Deeply felt and well presented, I think the focus here is a bit off. The central driving force in the story is the guilt the MC feels, not the failure of a taxi to arrive. If you had fashioned the argument about the taxi into a metaphor for that guilt, my score would have been much higher. You may actually have meant it that way, but I'm afraid I don't see it.
[/spoiler2]


----------



## Dictarium

*Folcro*

I s'pose I could've made his exact motive clearer but I thought I effectively conveyed it through the glaring hints I gave: lockpicks, ski mask, gun, etc. Apparently not. It happens. My implications in my writing seem to be hit-or-miss.

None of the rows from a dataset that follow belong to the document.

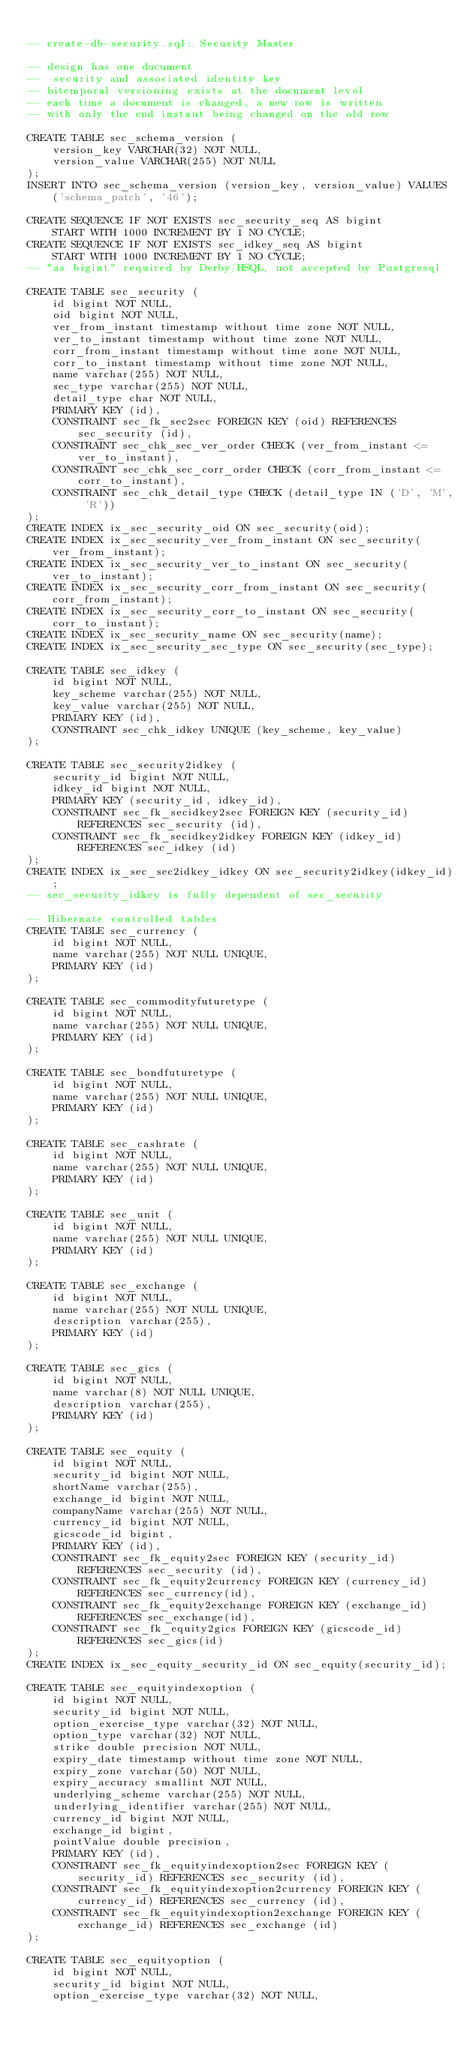<code> <loc_0><loc_0><loc_500><loc_500><_SQL_>
-- create-db-security.sql: Security Master

-- design has one document
--  security and associated identity key
-- bitemporal versioning exists at the document level
-- each time a document is changed, a new row is written
-- with only the end instant being changed on the old row

CREATE TABLE sec_schema_version (
    version_key VARCHAR(32) NOT NULL,
    version_value VARCHAR(255) NOT NULL
);
INSERT INTO sec_schema_version (version_key, version_value) VALUES ('schema_patch', '46');

CREATE SEQUENCE IF NOT EXISTS sec_security_seq AS bigint
    START WITH 1000 INCREMENT BY 1 NO CYCLE;
CREATE SEQUENCE IF NOT EXISTS sec_idkey_seq AS bigint
    START WITH 1000 INCREMENT BY 1 NO CYCLE;
-- "as bigint" required by Derby/HSQL, not accepted by Postgresql

CREATE TABLE sec_security (
    id bigint NOT NULL,
    oid bigint NOT NULL,
    ver_from_instant timestamp without time zone NOT NULL,
    ver_to_instant timestamp without time zone NOT NULL,
    corr_from_instant timestamp without time zone NOT NULL,
    corr_to_instant timestamp without time zone NOT NULL,
    name varchar(255) NOT NULL,
    sec_type varchar(255) NOT NULL,
    detail_type char NOT NULL,
    PRIMARY KEY (id),
    CONSTRAINT sec_fk_sec2sec FOREIGN KEY (oid) REFERENCES sec_security (id),
    CONSTRAINT sec_chk_sec_ver_order CHECK (ver_from_instant <= ver_to_instant),
    CONSTRAINT sec_chk_sec_corr_order CHECK (corr_from_instant <= corr_to_instant),
    CONSTRAINT sec_chk_detail_type CHECK (detail_type IN ('D', 'M', 'R'))
);
CREATE INDEX ix_sec_security_oid ON sec_security(oid);
CREATE INDEX ix_sec_security_ver_from_instant ON sec_security(ver_from_instant);
CREATE INDEX ix_sec_security_ver_to_instant ON sec_security(ver_to_instant);
CREATE INDEX ix_sec_security_corr_from_instant ON sec_security(corr_from_instant);
CREATE INDEX ix_sec_security_corr_to_instant ON sec_security(corr_to_instant);
CREATE INDEX ix_sec_security_name ON sec_security(name);
CREATE INDEX ix_sec_security_sec_type ON sec_security(sec_type);

CREATE TABLE sec_idkey (
    id bigint NOT NULL,
    key_scheme varchar(255) NOT NULL,
    key_value varchar(255) NOT NULL,
    PRIMARY KEY (id),
    CONSTRAINT sec_chk_idkey UNIQUE (key_scheme, key_value)
);

CREATE TABLE sec_security2idkey (
    security_id bigint NOT NULL,
    idkey_id bigint NOT NULL,
    PRIMARY KEY (security_id, idkey_id),
    CONSTRAINT sec_fk_secidkey2sec FOREIGN KEY (security_id) REFERENCES sec_security (id),
    CONSTRAINT sec_fk_secidkey2idkey FOREIGN KEY (idkey_id) REFERENCES sec_idkey (id)
);
CREATE INDEX ix_sec_sec2idkey_idkey ON sec_security2idkey(idkey_id);
-- sec_security_idkey is fully dependent of sec_security

-- Hibernate controlled tables
CREATE TABLE sec_currency (
    id bigint NOT NULL,
    name varchar(255) NOT NULL UNIQUE,
    PRIMARY KEY (id)
);

CREATE TABLE sec_commodityfuturetype (
    id bigint NOT NULL,
    name varchar(255) NOT NULL UNIQUE,
    PRIMARY KEY (id)
);

CREATE TABLE sec_bondfuturetype (
    id bigint NOT NULL,
    name varchar(255) NOT NULL UNIQUE,
    PRIMARY KEY (id)
);

CREATE TABLE sec_cashrate (
    id bigint NOT NULL,
    name varchar(255) NOT NULL UNIQUE,
    PRIMARY KEY (id)
);

CREATE TABLE sec_unit (
    id bigint NOT NULL,
    name varchar(255) NOT NULL UNIQUE,
    PRIMARY KEY (id)
);

CREATE TABLE sec_exchange (
    id bigint NOT NULL,
    name varchar(255) NOT NULL UNIQUE,
    description varchar(255),
    PRIMARY KEY (id)
);

CREATE TABLE sec_gics (
    id bigint NOT NULL,
    name varchar(8) NOT NULL UNIQUE,
    description varchar(255),
    PRIMARY KEY (id)
);

CREATE TABLE sec_equity (
    id bigint NOT NULL,
    security_id bigint NOT NULL,
    shortName varchar(255),
    exchange_id bigint NOT NULL,
    companyName varchar(255) NOT NULL,
    currency_id bigint NOT NULL,
    gicscode_id bigint,
    PRIMARY KEY (id),
    CONSTRAINT sec_fk_equity2sec FOREIGN KEY (security_id) REFERENCES sec_security (id),
    CONSTRAINT sec_fk_equity2currency FOREIGN KEY (currency_id) REFERENCES sec_currency(id),
    CONSTRAINT sec_fk_equity2exchange FOREIGN KEY (exchange_id) REFERENCES sec_exchange(id),
    CONSTRAINT sec_fk_equity2gics FOREIGN KEY (gicscode_id) REFERENCES sec_gics(id)
);
CREATE INDEX ix_sec_equity_security_id ON sec_equity(security_id);

CREATE TABLE sec_equityindexoption (
    id bigint NOT NULL,
    security_id bigint NOT NULL,
    option_exercise_type varchar(32) NOT NULL,
    option_type varchar(32) NOT NULL,
    strike double precision NOT NULL,
    expiry_date timestamp without time zone NOT NULL,
    expiry_zone varchar(50) NOT NULL,
    expiry_accuracy smallint NOT NULL,
    underlying_scheme varchar(255) NOT NULL,
    underlying_identifier varchar(255) NOT NULL,
    currency_id bigint NOT NULL,
    exchange_id bigint,
    pointValue double precision,
    PRIMARY KEY (id),
    CONSTRAINT sec_fk_equityindexoption2sec FOREIGN KEY (security_id) REFERENCES sec_security (id),
    CONSTRAINT sec_fk_equityindexoption2currency FOREIGN KEY (currency_id) REFERENCES sec_currency (id),
    CONSTRAINT sec_fk_equityindexoption2exchange FOREIGN KEY (exchange_id) REFERENCES sec_exchange (id)
);

CREATE TABLE sec_equityoption (
    id bigint NOT NULL,
    security_id bigint NOT NULL,
    option_exercise_type varchar(32) NOT NULL,</code> 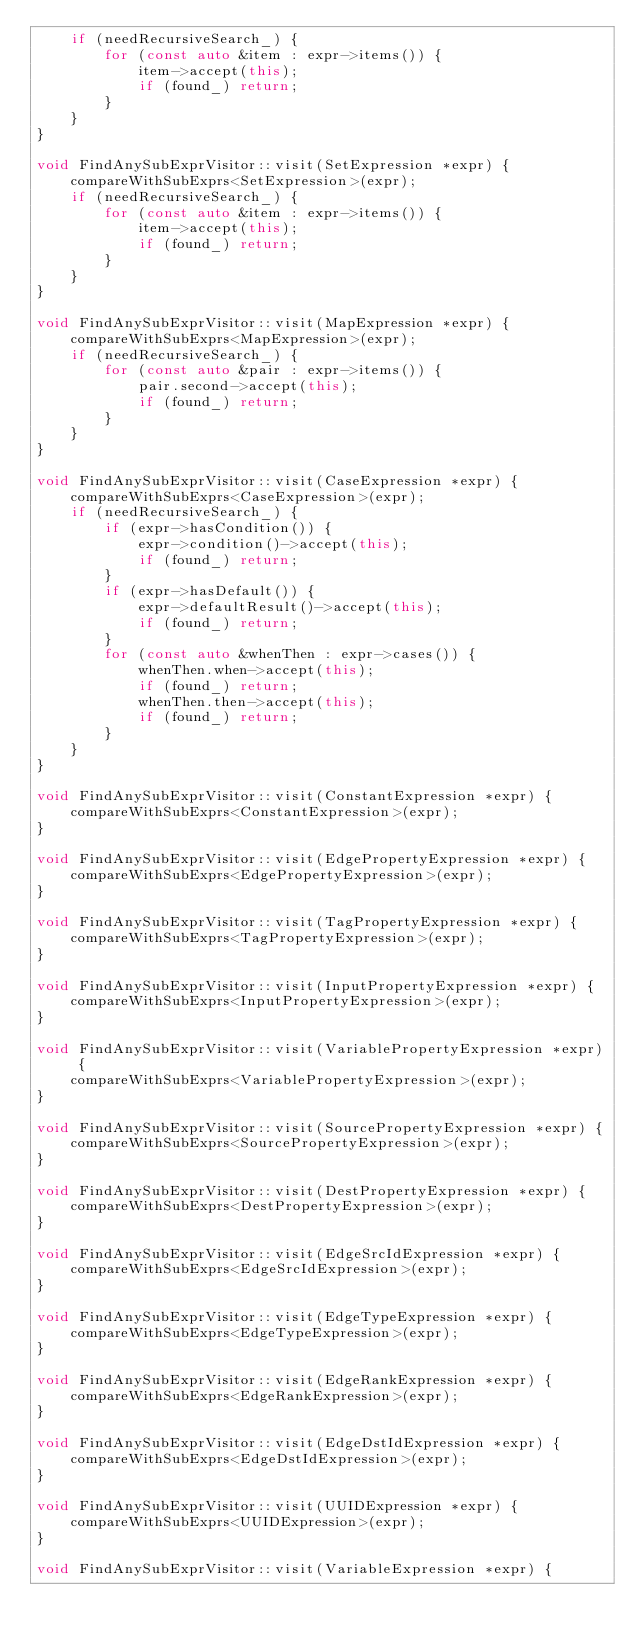<code> <loc_0><loc_0><loc_500><loc_500><_C++_>    if (needRecursiveSearch_) {
        for (const auto &item : expr->items()) {
            item->accept(this);
            if (found_) return;
        }
    }
}

void FindAnySubExprVisitor::visit(SetExpression *expr) {
    compareWithSubExprs<SetExpression>(expr);
    if (needRecursiveSearch_) {
        for (const auto &item : expr->items()) {
            item->accept(this);
            if (found_) return;
        }
    }
}

void FindAnySubExprVisitor::visit(MapExpression *expr) {
    compareWithSubExprs<MapExpression>(expr);
    if (needRecursiveSearch_) {
        for (const auto &pair : expr->items()) {
            pair.second->accept(this);
            if (found_) return;
        }
    }
}

void FindAnySubExprVisitor::visit(CaseExpression *expr) {
    compareWithSubExprs<CaseExpression>(expr);
    if (needRecursiveSearch_) {
        if (expr->hasCondition()) {
            expr->condition()->accept(this);
            if (found_) return;
        }
        if (expr->hasDefault()) {
            expr->defaultResult()->accept(this);
            if (found_) return;
        }
        for (const auto &whenThen : expr->cases()) {
            whenThen.when->accept(this);
            if (found_) return;
            whenThen.then->accept(this);
            if (found_) return;
        }
    }
}

void FindAnySubExprVisitor::visit(ConstantExpression *expr) {
    compareWithSubExprs<ConstantExpression>(expr);
}

void FindAnySubExprVisitor::visit(EdgePropertyExpression *expr) {
    compareWithSubExprs<EdgePropertyExpression>(expr);
}

void FindAnySubExprVisitor::visit(TagPropertyExpression *expr) {
    compareWithSubExprs<TagPropertyExpression>(expr);
}

void FindAnySubExprVisitor::visit(InputPropertyExpression *expr) {
    compareWithSubExprs<InputPropertyExpression>(expr);
}

void FindAnySubExprVisitor::visit(VariablePropertyExpression *expr) {
    compareWithSubExprs<VariablePropertyExpression>(expr);
}

void FindAnySubExprVisitor::visit(SourcePropertyExpression *expr) {
    compareWithSubExprs<SourcePropertyExpression>(expr);
}

void FindAnySubExprVisitor::visit(DestPropertyExpression *expr) {
    compareWithSubExprs<DestPropertyExpression>(expr);
}

void FindAnySubExprVisitor::visit(EdgeSrcIdExpression *expr) {
    compareWithSubExprs<EdgeSrcIdExpression>(expr);
}

void FindAnySubExprVisitor::visit(EdgeTypeExpression *expr) {
    compareWithSubExprs<EdgeTypeExpression>(expr);
}

void FindAnySubExprVisitor::visit(EdgeRankExpression *expr) {
    compareWithSubExprs<EdgeRankExpression>(expr);
}

void FindAnySubExprVisitor::visit(EdgeDstIdExpression *expr) {
    compareWithSubExprs<EdgeDstIdExpression>(expr);
}

void FindAnySubExprVisitor::visit(UUIDExpression *expr) {
    compareWithSubExprs<UUIDExpression>(expr);
}

void FindAnySubExprVisitor::visit(VariableExpression *expr) {</code> 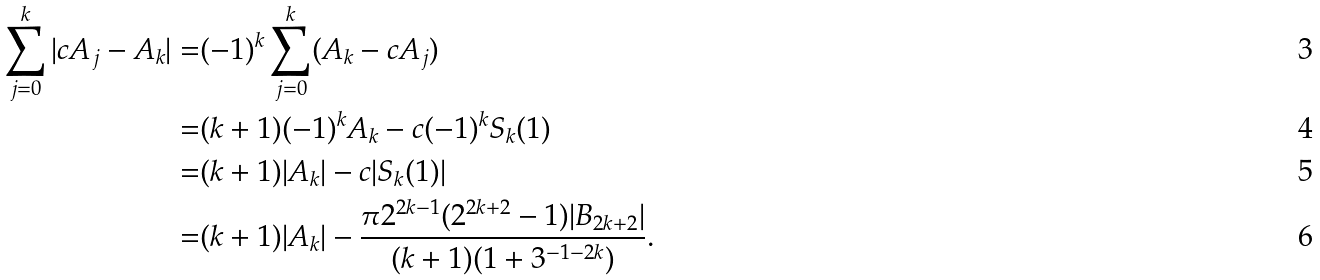Convert formula to latex. <formula><loc_0><loc_0><loc_500><loc_500>\sum _ { j = 0 } ^ { k } | c A _ { j } - A _ { k } | = & ( - 1 ) ^ { k } \sum _ { j = 0 } ^ { k } ( A _ { k } - c A _ { j } ) \\ = & ( k + 1 ) ( - 1 ) ^ { k } A _ { k } - c ( - 1 ) ^ { k } S _ { k } ( 1 ) \\ = & ( k + 1 ) | A _ { k } | - c | S _ { k } ( 1 ) | \\ = & ( k + 1 ) | A _ { k } | - \frac { \pi 2 ^ { 2 k - 1 } ( 2 ^ { 2 k + 2 } - 1 ) | B _ { 2 k + 2 } | } { ( k + 1 ) ( 1 + 3 ^ { - 1 - 2 k } ) } .</formula> 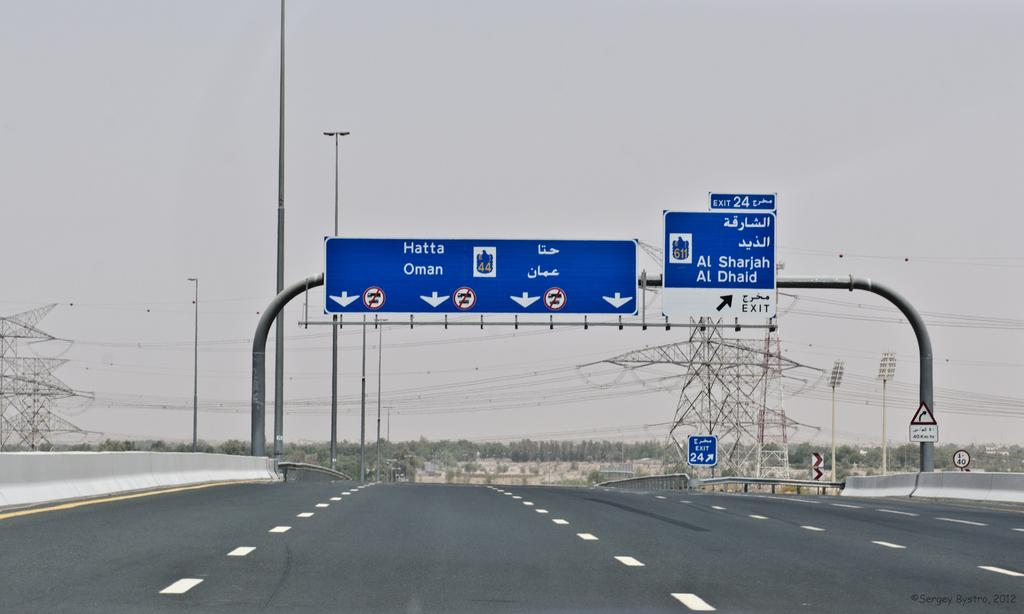<image>
Relay a brief, clear account of the picture shown. Two signs in the highway showing the way to Hatta and Al Sharjah 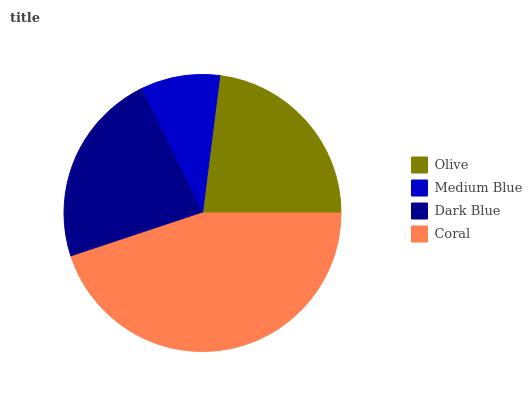Is Medium Blue the minimum?
Answer yes or no. Yes. Is Coral the maximum?
Answer yes or no. Yes. Is Dark Blue the minimum?
Answer yes or no. No. Is Dark Blue the maximum?
Answer yes or no. No. Is Dark Blue greater than Medium Blue?
Answer yes or no. Yes. Is Medium Blue less than Dark Blue?
Answer yes or no. Yes. Is Medium Blue greater than Dark Blue?
Answer yes or no. No. Is Dark Blue less than Medium Blue?
Answer yes or no. No. Is Olive the high median?
Answer yes or no. Yes. Is Dark Blue the low median?
Answer yes or no. Yes. Is Coral the high median?
Answer yes or no. No. Is Medium Blue the low median?
Answer yes or no. No.

The inability of my readers to personally connect with my writing is definitely something I'm working on with each competition, and I do tend to polarize people in that respect as well. Such is also true with my syntax (which I'm also tightening up month-after-month). You pointed it out and I noticed it post-entry: they get long in the middle and they always do. Dunno why. Complacency, likely, and a lack of want to delete things and information I think're necessary to the narrative I'm building but probably aren't. I'll figure it out eventually but in the meantime thank you for reminding me.

*Pluralized

*"Obscured Eyebrows" Ski mask. "Deluminated" It's not but I liked it in there and I don't know that there's an antonym for illuminated with which I wouldn't have had to first refer to the lights of the house which would've taken up more words. I figured the meaning was pretty well-conveyed through it but if you say you stumbled then you did. I don't take issue with the "creation" of words with pretty clear-cut meanings but maybe that's just me. "Repetition" Meant to make the syntax clock-like in its tick-tock tone with the "in two seconds; out two seconds" etc. but it didn't work because my sentences got long in the middle like they always do. It did have a point to it though. And it ended the same as it began (though chiasmically) again to have a very clock-like feel to it being all coordinated and planned out and all the gears meshing in with one another in a very purposeful, meaningful way. "He" is very clock-like in this respect as well. Or not. That's up to the reader and you seem to have not picked up like most people don't with most of the symbolic and metaphoric crap I try to put into my stuff. I don't mean to say you're dense or anything. I'm just not all that good at putting that stuff in.
*
Leyline*

"Reptition" Noted. I probably could've gone for the clock-like approach in a bit more sophisticated manner rather than "let's just repeat stuff". I did take into account the fact that nothing actually happens in the story but I thought the subtext made up for that. Once again: apparently not. I also implied that perhaps he doesn't actually make it out as he'd hoped to as I don't finish the initial "in and out. in and out. oh my god. in and out." but I didn't expect anyone to pick up on that because it wasn't very well-conveyed to be honest and was way too subtle. I understand what you're saying and I don't really think I use repetition all that often when I write without a prompt, I've just had a clock-like feel lent to several of my LM entries while writing them. I'll work on it I s'pose if it's really that distracting for the reader.

*lasm*

As others have noted I don't connect the link between the reader and the protagonist very well. I'm working on that and thank you for pointing it out in the way that you did. It was nice. "Deluminated" It's not a word, makes sense you haven't seen it. "the, the, to himself to attempt" The only one I'd argue is that "attempt" needs to be there as he is not actually calm, as demonstrated by his many obsessive self-mutterings. Otherwise thank you for that and I'll look out for it when scanning my next entry.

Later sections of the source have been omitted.